Facebook photo could have saved kid's life

Facebook photo could have saved child's life. Photo provided by Holly Wagner.
Facebook photo could have saved child's life. Photo provided by Holly Wagner.

Now, Wagner wants to share her story so other parents don’t experience the same tragedy.

In Australia a baby must be restrained in an approved rearward-facing child restraint like an infant capsule or a convertible car seat specially designed for newborn babies for the first six months. And from six months to four years old, a child must be in either a rearward-facing or forward-facing child restraint, such as a child safety seat.

While the American Academy of Pediatrics (AAP) recommends that infants and toddlers should ride in a rear-facing seat until they are at least 2 years old or until they reach the highest weight or height allowed by the car seat’s manufacturer.

Wagner wasn’t aware of any guidelines, so Cameron’s car seat faced the front. A few weeks before the fatal crash, she posted a photo, below, to Facebook of her son sitting in his car seat.

Cameron in his car seat before the accident. Photo provided by Holly Wagner.
Cameron in his car seat before the accident. Photo provided by Holly Wagner.

“No one told me I was doing it wrong,” Wagner, 23, a former nursing assistant, tells Yahoo Parenting. “Even when I was discharged from the hospital after Cameron was born, the nurses couldn’t assist with the car seat for liability issues.
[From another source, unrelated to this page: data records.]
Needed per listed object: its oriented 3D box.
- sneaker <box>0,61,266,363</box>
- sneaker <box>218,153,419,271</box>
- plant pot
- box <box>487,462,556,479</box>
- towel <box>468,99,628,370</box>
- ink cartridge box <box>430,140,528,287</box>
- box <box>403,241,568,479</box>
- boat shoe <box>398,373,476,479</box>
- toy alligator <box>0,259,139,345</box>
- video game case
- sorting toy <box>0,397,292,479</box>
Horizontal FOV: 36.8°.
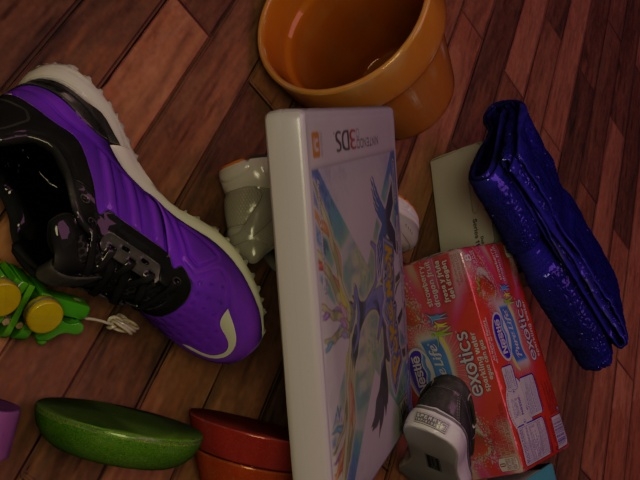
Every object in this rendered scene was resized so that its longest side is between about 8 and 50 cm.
[{"bbox_3d":[-0.168,0.008,0.759,0.293,0.102,0.146,50,28,-13],"label":"sneaker"},{"bbox_3d":[0.000,0.000,1.002,0.262,0.099,0.121,13,72,-39],"label":"sneaker"},{"bbox_3d":[0.062,-0.211,1.090,0.188,0.205,0.205,39,46,-54],"label":"plant pot"},{"bbox_3d":[0.167,0.310,1.052,0.244,0.100,0.060,-9,84,-51],"label":"box"},{"bbox_3d":[0.294,-0.015,1.195,0.308,0.076,0.228,56,30,-20],"label":"towel"},{"bbox_3d":[0.246,-0.030,1.303,0.208,0.086,0.153,17,62,-47],"label":"ink cartridge box"},{"bbox_3d":[0.177,0.139,1.118,0.128,0.122,0.257,-6,79,-53],"label":"box"},{"bbox_3d":[0.125,0.201,0.989,0.076,0.080,0.228,-61,157,-24],"label":"boat shoe"},{"bbox_3d":[-0.222,0.056,0.737,0.051,0.056,0.189,-53,136,4],"label":"toy alligator"},{"bbox_3d":[0.028,0.047,0.852,0.300,0.036,0.329,-26,113,-71],"label":"video game case"},{"bbox_3d":[-0.147,0.194,0.739,0.365,0.127,0.126,17,85,-48],"label":"sorting toy"}]

So I just did what I thought was correct, what my parents did when I was growing up.” Wagner had, in fact, kept Cameron facing the rear until he turned 11 months old, but three weeks before the accident, she turned the seat around. “I wanted to keep an eye on him,” she says.

On April 27, 2013, Wagner got a call on her way home from work. It was a police officer who said that while driving her car, Wagner’s then-boyfriend and her two young sons were involved in a car accident on their way home from buying kites.


Wagner’s boyfriend suffered head trauma and a broken leg; her three-year-old son Connor broke his arm and had internal bruising, however, he would survive. But Cameron had suffered “severe injuries.” Wagner rushed to the emergency room where a specialist told her, “Your baby is not in good shape. He may not be here much longer.”

During the crash, Cameron’s little body was ejected from the car and he was found in a ditch. “I asked, ‘Is he alive?’” says Wagner. “The surgeon said, ‘Technically yes, but I can’t make any promises.’” Cameron went right into surgery to mend his punctured lungs and relieve his brain swelling, which required doctors to remove a portion of his skull. However, his injuries were so severe, Wagner was told that if Cameron did survive, he wouldn’t be the same little boy.

“I was allowed to visit him but I didn’t recognize him at all,” says Wagner. Cameron spent two weeks in the hospital and during that time, he turned 1 year old. Finally Wagner was given a terrible choice: “Since his brain wasn’t absorbing any nutrients from his feeding tube, he was starving to death,” she says. “I could either let him pass on his own or remove him from life support.” She eventually made the agonizing decision to remove him from life support on May 12, one day after Mother’s Day.

Wagner’s ex-boyfriend remembers nothing from that fatal day, having undergone brain surgery. But police say he ran a stop sign driving at 89 kilometers per hour and hit another car, which caused Wagner’s car to flip several times. “He may have also been texting, I am not sure,” says Wagner. Also: Cameron was only fastened by the arm straps - her ex-boyfriend did not buckle him in at the waist.

“We estimate that 73 per cent of parents install their car seats incorrectly,” Kate Carr, CEO of Safe Kids Worldwide, an organization that aims to prevent child injuries, tells Yahoo Parenting. “Common mistakes range from using expired car seats - they actually expire - and not fastening the straps tightly enough.”

Here are four tips to ensure your kid has a safe ride:

Check your car seat’s expiration date: “Car seats are a piece of machinery and parts like the straps can deteriorate over time,” says Carr. “The average car seat lasts five to seven years, however check the expiration date on the bottom of the seat where it should be clearly labeled.”

Give the ‘pinch and inch’ test: If you can wiggle the car seat one inch in either direction, it’s not secured correctly in its base. Likewise, if you can pinch the straps and pull them even a little bit loose, tighten them.

Position the car seat specific to your car: Should your child sit behind the driver or the passenger - or in the middle of the seat row? That depends on what type of car you drive. Check your car manual for instructions.

Got a used carseat? Talk to its previous owner: If you’re using a hand-me-down, learn its full crash history by asking the seller. Once a car seat has been in a crash, it needs to be replaced.